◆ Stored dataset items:
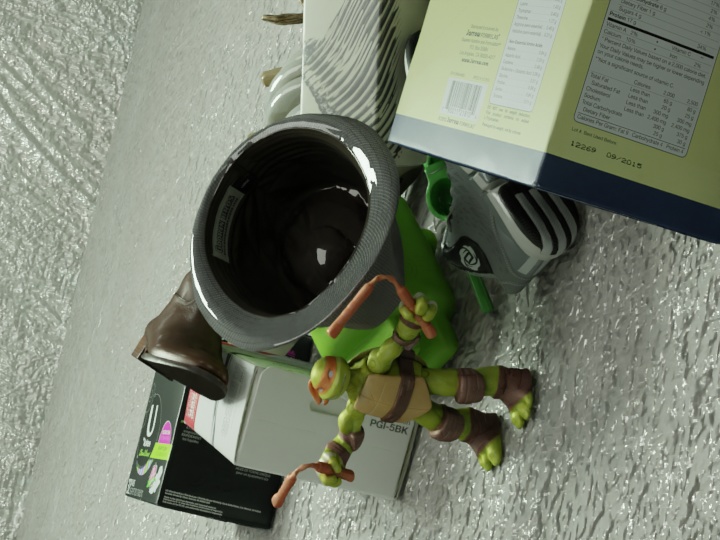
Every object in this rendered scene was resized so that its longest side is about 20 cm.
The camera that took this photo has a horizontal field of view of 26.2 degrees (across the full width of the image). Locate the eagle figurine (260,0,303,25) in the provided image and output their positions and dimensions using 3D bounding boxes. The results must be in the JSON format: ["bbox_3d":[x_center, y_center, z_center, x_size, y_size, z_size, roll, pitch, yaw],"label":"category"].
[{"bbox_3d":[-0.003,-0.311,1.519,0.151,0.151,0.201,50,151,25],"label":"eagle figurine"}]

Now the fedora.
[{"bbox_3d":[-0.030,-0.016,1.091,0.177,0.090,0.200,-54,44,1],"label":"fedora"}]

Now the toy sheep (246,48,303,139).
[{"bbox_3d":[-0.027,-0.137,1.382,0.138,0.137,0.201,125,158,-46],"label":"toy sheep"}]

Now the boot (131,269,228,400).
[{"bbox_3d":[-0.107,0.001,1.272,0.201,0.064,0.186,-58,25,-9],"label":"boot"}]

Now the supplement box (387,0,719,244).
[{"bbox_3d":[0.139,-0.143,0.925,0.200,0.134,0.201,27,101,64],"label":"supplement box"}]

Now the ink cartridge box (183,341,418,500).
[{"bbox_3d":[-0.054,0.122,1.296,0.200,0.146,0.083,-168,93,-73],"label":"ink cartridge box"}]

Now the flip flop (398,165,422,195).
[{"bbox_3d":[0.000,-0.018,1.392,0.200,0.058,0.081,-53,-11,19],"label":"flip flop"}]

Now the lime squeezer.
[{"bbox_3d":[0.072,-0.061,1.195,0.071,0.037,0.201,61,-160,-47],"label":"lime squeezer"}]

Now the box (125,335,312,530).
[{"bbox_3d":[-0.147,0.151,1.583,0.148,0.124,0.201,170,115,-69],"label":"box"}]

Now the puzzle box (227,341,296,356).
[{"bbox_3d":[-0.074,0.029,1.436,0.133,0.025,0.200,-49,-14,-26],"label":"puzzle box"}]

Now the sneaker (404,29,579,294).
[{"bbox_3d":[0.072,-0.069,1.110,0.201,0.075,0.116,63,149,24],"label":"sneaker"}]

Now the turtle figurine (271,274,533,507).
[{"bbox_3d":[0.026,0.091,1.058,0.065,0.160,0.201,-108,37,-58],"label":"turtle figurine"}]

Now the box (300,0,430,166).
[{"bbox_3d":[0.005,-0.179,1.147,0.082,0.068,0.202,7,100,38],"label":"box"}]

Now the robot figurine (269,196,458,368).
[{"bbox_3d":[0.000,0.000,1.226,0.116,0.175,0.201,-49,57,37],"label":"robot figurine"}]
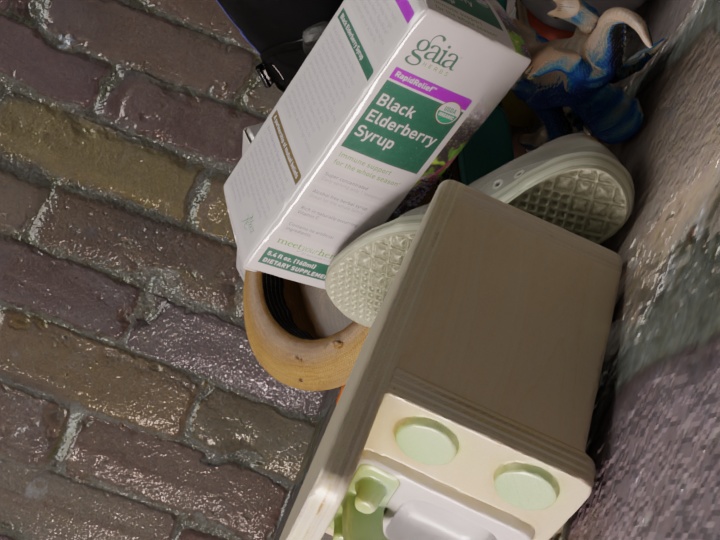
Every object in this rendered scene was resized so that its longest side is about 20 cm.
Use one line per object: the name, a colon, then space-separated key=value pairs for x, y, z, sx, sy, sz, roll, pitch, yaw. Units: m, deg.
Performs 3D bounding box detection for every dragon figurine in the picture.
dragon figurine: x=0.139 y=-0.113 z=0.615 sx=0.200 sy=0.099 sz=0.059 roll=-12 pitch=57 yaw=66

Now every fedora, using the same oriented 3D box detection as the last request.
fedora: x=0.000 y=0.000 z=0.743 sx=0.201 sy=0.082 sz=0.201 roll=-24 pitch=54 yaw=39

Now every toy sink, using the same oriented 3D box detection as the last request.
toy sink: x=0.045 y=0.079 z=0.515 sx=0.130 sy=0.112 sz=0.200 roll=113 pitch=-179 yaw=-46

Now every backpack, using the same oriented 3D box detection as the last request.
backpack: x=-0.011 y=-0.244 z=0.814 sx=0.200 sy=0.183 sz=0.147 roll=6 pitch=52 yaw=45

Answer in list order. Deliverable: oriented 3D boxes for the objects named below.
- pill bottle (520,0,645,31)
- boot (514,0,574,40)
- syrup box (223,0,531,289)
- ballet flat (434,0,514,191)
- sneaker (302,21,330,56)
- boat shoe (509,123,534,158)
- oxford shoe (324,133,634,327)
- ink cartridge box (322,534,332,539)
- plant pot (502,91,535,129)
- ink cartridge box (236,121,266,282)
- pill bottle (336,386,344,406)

◆ What you need to do: The entries above should be retyped exactly, minus any pictures.

◆ Worked solution:
Every object in this rendered scene was resized so that its longest side is about 20 cm.
The camera that took this photo has a horizontal field of view of 26.2 degrees (across the full width of the image). Locate the eagle figurine (260,0,303,25) in the provided image and output their positions and dimensions using 3D bounding boxes. The results must be in the JSON format: ["bbox_3d":[x_center, y_center, z_center, x_size, y_size, z_size, roll, pitch, yaw],"label":"category"].
[{"bbox_3d":[-0.003,-0.311,1.519,0.151,0.151,0.201,50,151,25],"label":"eagle figurine"}]

Now the fedora.
[{"bbox_3d":[-0.030,-0.016,1.091,0.177,0.090,0.200,-54,44,1],"label":"fedora"}]

Now the toy sheep (246,48,303,139).
[{"bbox_3d":[-0.027,-0.137,1.382,0.138,0.137,0.201,125,158,-46],"label":"toy sheep"}]

Now the boot (131,269,228,400).
[{"bbox_3d":[-0.107,0.001,1.272,0.201,0.064,0.186,-58,25,-9],"label":"boot"}]

Now the supplement box (387,0,719,244).
[{"bbox_3d":[0.139,-0.143,0.925,0.200,0.134,0.201,27,101,64],"label":"supplement box"}]

Now the ink cartridge box (183,341,418,500).
[{"bbox_3d":[-0.054,0.122,1.296,0.200,0.146,0.083,-168,93,-73],"label":"ink cartridge box"}]

Now the flip flop (398,165,422,195).
[{"bbox_3d":[0.000,-0.018,1.392,0.200,0.058,0.081,-53,-11,19],"label":"flip flop"}]

Now the lime squeezer.
[{"bbox_3d":[0.072,-0.061,1.195,0.071,0.037,0.201,61,-160,-47],"label":"lime squeezer"}]

Now the box (125,335,312,530).
[{"bbox_3d":[-0.147,0.151,1.583,0.148,0.124,0.201,170,115,-69],"label":"box"}]

Now the puzzle box (227,341,296,356).
[{"bbox_3d":[-0.074,0.029,1.436,0.133,0.025,0.200,-49,-14,-26],"label":"puzzle box"}]

Now the sneaker (404,29,579,294).
[{"bbox_3d":[0.072,-0.069,1.110,0.201,0.075,0.116,63,149,24],"label":"sneaker"}]

Now the turtle figurine (271,274,533,507).
[{"bbox_3d":[0.026,0.091,1.058,0.065,0.160,0.201,-108,37,-58],"label":"turtle figurine"}]

Now the box (300,0,430,166).
[{"bbox_3d":[0.005,-0.179,1.147,0.082,0.068,0.202,7,100,38],"label":"box"}]

Now the robot figurine (269,196,458,368).
[{"bbox_3d":[0.000,0.000,1.226,0.116,0.175,0.201,-49,57,37],"label":"robot figurine"}]
Every object in this rendered scene was resized so that its longest side is about 20 cm.
Use one line per object: the name, a colon, then space-separated key=value pairs for x, y, z, sx, sy, sz, roll, pitch, yaw. Units: m, deg.
Performs 3D bounding box detection for every dragon figurine in the picture.
dragon figurine: x=0.139 y=-0.113 z=0.615 sx=0.200 sy=0.099 sz=0.059 roll=-12 pitch=57 yaw=66

Now every fedora, using the same oriented 3D box detection as the last request.
fedora: x=0.000 y=0.000 z=0.743 sx=0.201 sy=0.082 sz=0.201 roll=-24 pitch=54 yaw=39

Now every toy sink, using the same oriented 3D box detection as the last request.
toy sink: x=0.045 y=0.079 z=0.515 sx=0.130 sy=0.112 sz=0.200 roll=113 pitch=-179 yaw=-46

Now every backpack, using the same oriented 3D box detection as the last request.
backpack: x=-0.011 y=-0.244 z=0.814 sx=0.200 sy=0.183 sz=0.147 roll=6 pitch=52 yaw=45

Answer in list order. Deliverable: oriented 3D boxes for the objects named below.
- pill bottle (520,0,645,31)
- boot (514,0,574,40)
- syrup box (223,0,531,289)
- ballet flat (434,0,514,191)
- sneaker (302,21,330,56)
- boat shoe (509,123,534,158)
- oxford shoe (324,133,634,327)
- ink cartridge box (322,534,332,539)
- plant pot (502,91,535,129)
- ink cartridge box (236,121,266,282)
- pill bottle (336,386,344,406)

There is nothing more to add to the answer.